On 14 December 2021, the Luxembourg court of appeal rendered a decision setting out the potential grounds for overturning a judicial liquidation of a company based on the right to an effective legal action (“droit au recours effectif”), as provided in the European Convention of Human Rights, the Charter of Fundamental Rights of the European Union and the Luxembourgish Constitution.
In the case at hand, in November 2020, the state prosecutor (“procureur d’Etat”) required the dissolution and liquidation of a Luxembourg public limited liability company due to the lack of a known registered office since 2015 and of a regularly composed board of directors and to the failure to publish its financial statements since the year 2013, based on article 1200-1 of the law of 10 August 1915 relating to commercial companies, as amended (the “Law”), which allows for the judicial liquidation of Luxembourg companies inter alia when those carry out activities in serious breach of the provisions of the Law.
The lower court judgment having granted the state prosecutor's request by ordering the dissolution with liquidation of the company and appointed a liquidator, the latter sought to appeal such decision, as the company had recently remedied its breaches by appointing a director, setting up a registered office and approving the financial statements for the years 2014 to 2020. In addition, the company had settled the fees of the liquidator appointed by the court.
The appealing party argued that the case-law of the Luxembourg highest jurisdiction (“Cour de Cassation”) which allowed the judge to assess whether the facts of which a company is accused are sufficiently serious to justify its dissolution and liquidation at the time of the request of the state prosecutor, breaches the right to an effective legal action (“droit au recours effectif”).

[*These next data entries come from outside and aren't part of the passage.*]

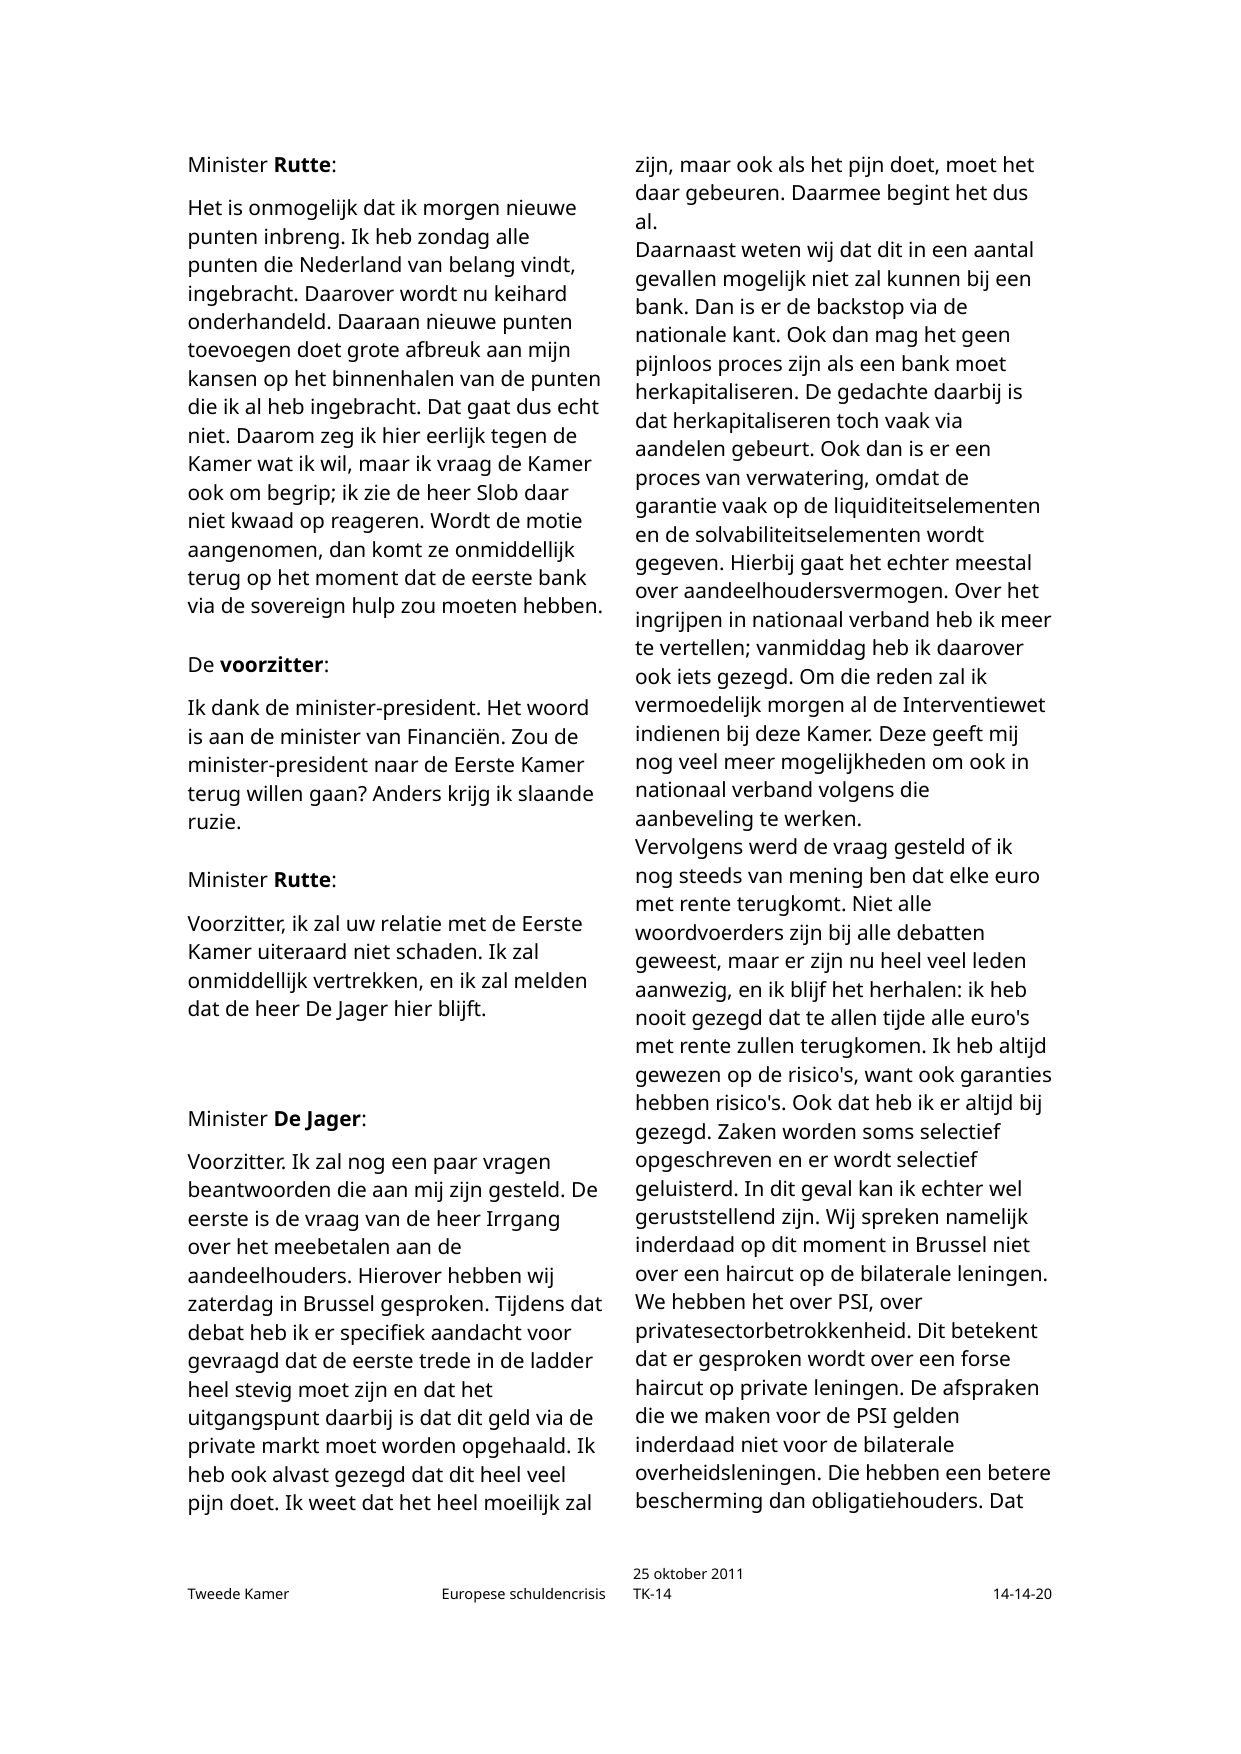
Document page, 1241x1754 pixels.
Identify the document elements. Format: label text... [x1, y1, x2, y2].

text Voorzitter, ik zal uw relatie met de Eerste Kamer uiteraard niet schaden. Ik zal onmiddellijk vertrekken, en ik zal melden dat de heer De Jager hier blijft. [187, 909, 605, 1023]
text De voorzitter: [187, 650, 605, 678]
text Vervolgens werd de vraag gesteld of ik nog steeds van mening ben dat elke euro met rente terugkomt. Niet alle woordvoerders zijn bij alle debatten geweest, maar er zijn nu heel veel leden aanwezig, en ik blijf het herhalen: ik heb nooit gezegd dat te allen tijde alle euro's met rente zullen terugkomen. Ik heb altijd gewezen op de risico's, want ook garanties hebben risico's. Ook dat heb ik er altijd bij gezegd. Zaken worden soms selectief opgeschreven en er wordt selectief geluisterd. In dit geval kan ik echter wel geruststellend zijn. Wij spreken namelijk inderdaad op dit moment in Brussel niet over een haircut op de bilaterale leningen. [635, 832, 1053, 1287]
text Minister Rutte: [187, 866, 605, 894]
text Minister Rutte: [187, 150, 605, 178]
text zijn, maar ook als het pijn doet, moet het daar gebeuren. Daarmee begint het dus al. [635, 150, 1053, 235]
text Daarnaast weten wij dat dit in een aantal gevallen mogelijk niet zal kunnen bij een bank. Dan is er de backstop via de nationale kant. Ook dan mag het geen pijnloos proces zijn als een bank moet herkapitaliseren. De gedachte daarbij is dat herkapitaliseren toch vaak via aandelen gebeurt. Ook dan is er een proces van verwatering, omdat de garantie vaak op de liquiditeitselementen en de solvabiliteitselementen wordt gegeven. Hierbij gaat het echter meestal over aandeelhoudersvermogen. Over het ingrijpen in nationaal verband heb ik meer te vertellen; vanmiddag heb ik daarover ook iets gezegd. Om die reden zal ik vermoedelijk morgen al de Interventiewet indienen bij deze Kamer. Deze geeft mij nog veel meer mogelijkheden om ook in nationaal verband volgens die aanbeveling te werken. [635, 235, 1053, 832]
text  [187, 1053, 605, 1081]
text Ik dank de minister-president. Het woord is aan de minister van Financiën. Zou de minister-president naar de Eerste Kamer terug willen gaan? Anders krijg ik slaande ruzie. [187, 693, 605, 836]
text Het is onmogelijk dat ik morgen nieuwe punten inbreng. Ik heb zondag alle punten die Nederland van belang vindt, ingebracht. Daarover wordt nu keihard onderhandeld. Daaraan nieuwe punten toevoegen doet grote afbreuk aan mijn kansen op het binnenhalen van de punten die ik al heb ingebracht. Dat gaat dus echt niet. Daarom zeg ik hier eerlijk tegen de Kamer wat ik wil, maar ik vraag de Kamer ook om begrip; ik zie de heer Slob daar niet kwaad op reageren. Wordt de motie aangenomen, dan komt ze onmiddellijk terug op het moment dat de eerste bank via de sovereign hulp zou moeten hebben. [187, 193, 605, 620]
text Voorzitter. Ik zal nog een paar vragen beantwoorden die aan mij zijn gesteld. De eerste is de vraag van de heer Irrgang over het meebetalen aan de aandeelhouders. Hierover hebben wij zaterdag in Brussel gesproken. Tijdens dat debat heb ik er specifiek aandacht voor gevraagd dat de eerste trede in de ladder heel stevig moet zijn en dat het uitgangspunt daarbij is dat dit geld via de private markt moet worden opgehaald. Ik heb ook alvast gezegd dat dit heel veel pijn doet. Ik weet dat het heel moeilijk zal [187, 1147, 605, 1517]
text We hebben het over PSI, over privatesectorbetrokkenheid. Dit betekent dat er gesproken wordt over een forse haircut op private leningen. De afspraken die we maken voor de PSI gelden inderdaad niet voor de bilaterale overheidsleningen. Die hebben een betere bescherming dan obligatiehouders. Dat [635, 1287, 1053, 1515]
text Minister De Jager: [187, 1104, 605, 1132]

As a reply to this argument, the court of appeal reminded that within the framework of the review and of the power granted to the courts to determine whether the seriousness of the contraventions justifies a sanction as final as the dissolution of the company, the court may not totally disregard the facts subsequent to the request of the public prosecutor's office (“Ministère Public”), without jeopardizing the right to an effective legal action (“droit à un recours effectif”).
The court of appeal noted that the irregularities committed were remedied, that the costs and fees of the liquidator were paid and that no creditor had produced any liabilities in the liquidation.
Considering that the appealing company demonstrated its awareness of the seriousness of the deficiencies and its efforts to remedy those, the court of appeal concluded that the breaches no longer justified the sanction of dissolution and liquidation of the company and therefore overruled the decision of judicial liquidation relating to the company.
This decision illustrates the possibility for a Luxembourg company to remedy serious breaches of the Law, even after a judicial decision relating to the liquidation has been rendered.